July 2017 Overview
Key drivers of performance during the month included:
- A supportive policy environment, economic backdrop and broad based rise in commodity prices drove strong performance from risk assets.
The Australian dollar rose strongly, reaching its highest level in over a year.
This environment proved to be favourable for portfolios that held relatively larger exposures to hedged developed market equities and non-government debt.
Key factors impacting financial market performance during the month were:
- Global equity markets posted positive returns, buoyed by a strong economic backdrop and supportive fiscal and monetary policy settings in much of the world.
- Domestic equities were flat, as a confluence of factors offset each other.
- The economic backdrop remained strong.
- Key European economic data releases showed that sentiment was improving, while data out of the United States demonstrated that the economic recovery remains resilient. This point was reiterated by US corporate reporting season, with most sectors showing strong revenue and profit growth.
- A supportive policy environment continued to bolster equity markets. Messaging from several central banks continued to support risk assets as investors were assured that supportive policy measures would be removed gradually.
- US equities continued to be supported by the hope that Trump would be able to pass the more business friendly aspects of his legislative agenda.
- Domestic equities were flat. On the positive side, a rise in iron ore and oil prices boosted the commodity sensitive parts of the market, while an improvement in economic outlook bolstered consumer orientated sectors.
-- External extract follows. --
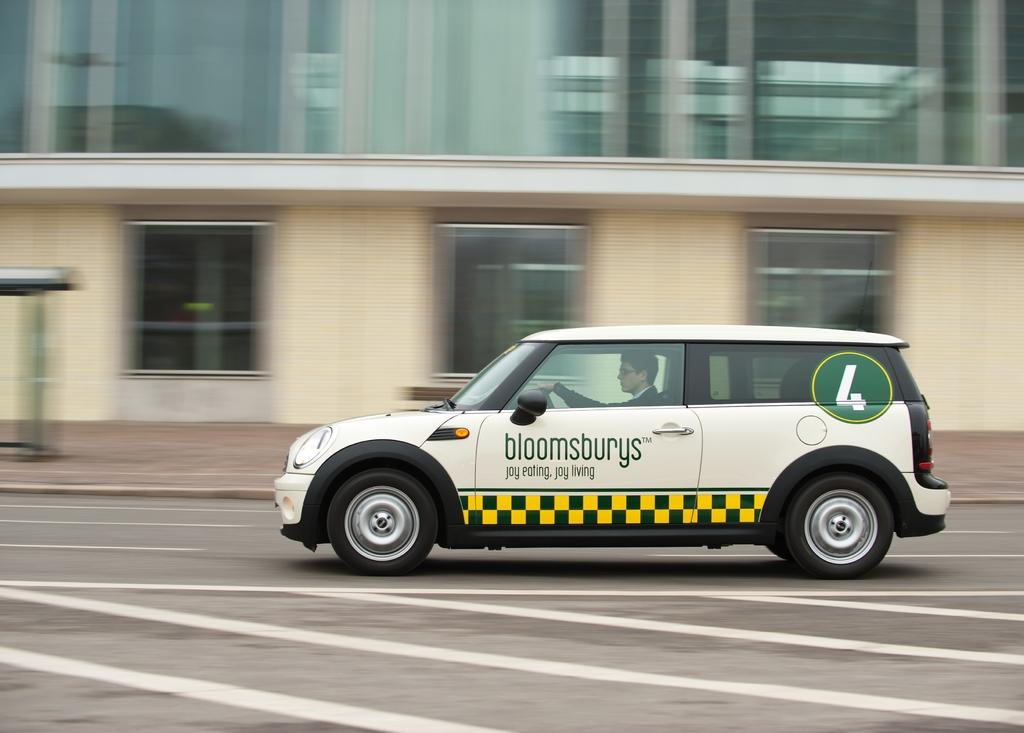What is the person in the image doing? The person is riding a car. What color is the car they are riding? The car is white in color. Where is the car located? The car is on the road. What can be seen near the car? There is a building beside the car. What type of invention is being demonstrated by the crowd in the image? There is no crowd present in the image, and no invention is being demonstrated. 
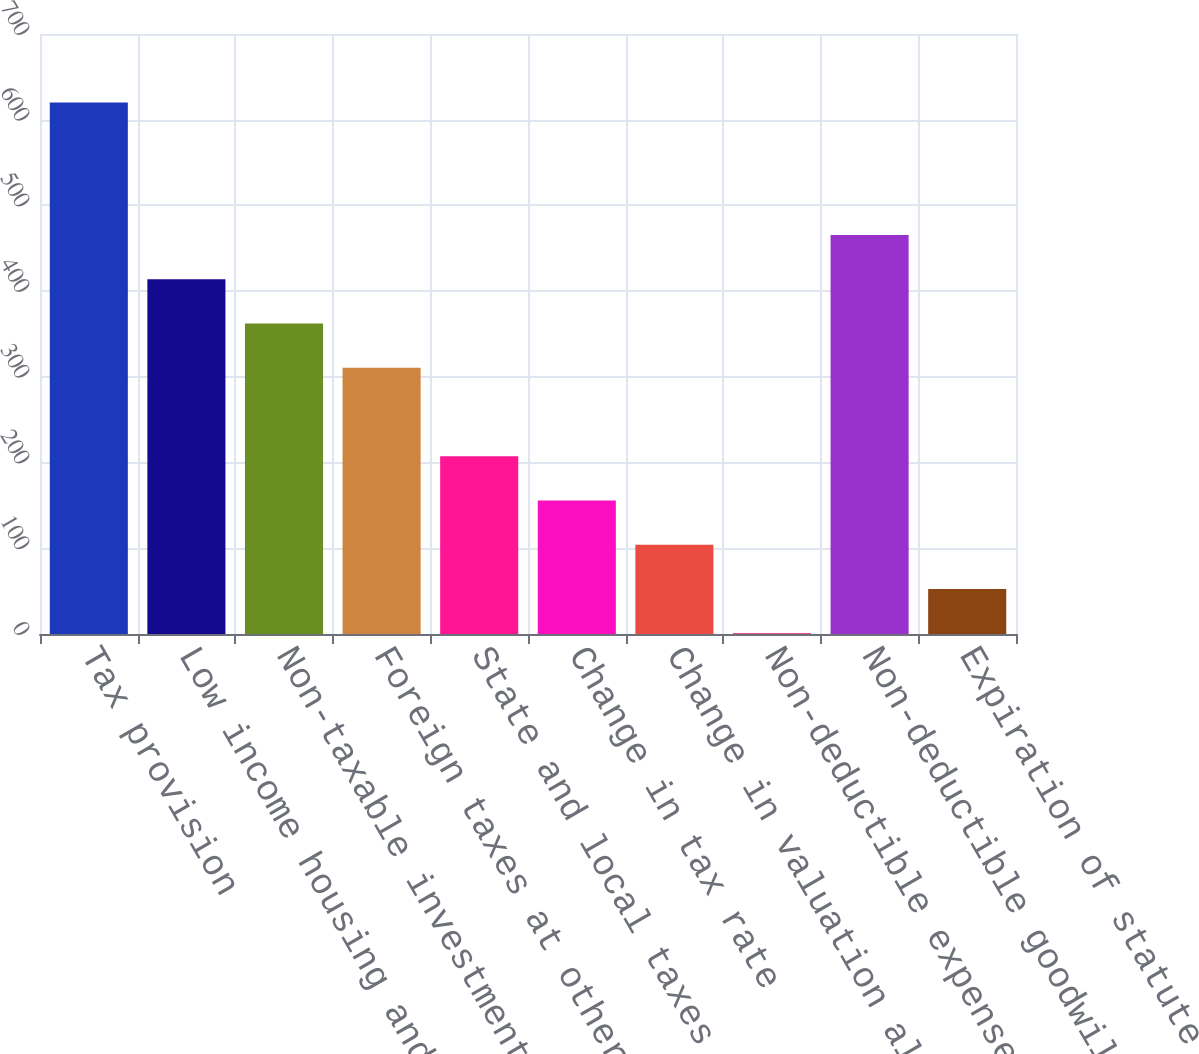<chart> <loc_0><loc_0><loc_500><loc_500><bar_chart><fcel>Tax provision<fcel>Low income housing and other<fcel>Non-taxable investment income<fcel>Foreign taxes at other than US<fcel>State and local taxes<fcel>Change in tax rate<fcel>Change in valuation allowance<fcel>Non-deductible expenses<fcel>Non-deductible goodwill<fcel>Expiration of statute of<nl><fcel>620.2<fcel>413.8<fcel>362.2<fcel>310.6<fcel>207.4<fcel>155.8<fcel>104.2<fcel>1<fcel>465.4<fcel>52.6<nl></chart>

- These positives were offset by a rise in the Australian dollar, which weighed on the currency sensitive, export orientated pockets of the market.
- Global government bond markets produced positive returns.
- Driving this result was central bank commitment to a gradual approach to increasing interest rates, as well as a fall in investor expectations of future inflation.
- Corporate bonds and emerging market debt were especially strong as the risk premiums that investors demand for holdings these assets declined.
- Currency market movements were driven by similar themes to risk assets.
- The Australian dollar rose strongly as key commodity prices rose, a theme that also saw emerging market currencies appreciate.
- The US dollar continued its recent run of weakness, as the US Federal Reserve left interest rates on hold and reiterated their gradual approach to increasing interest rates.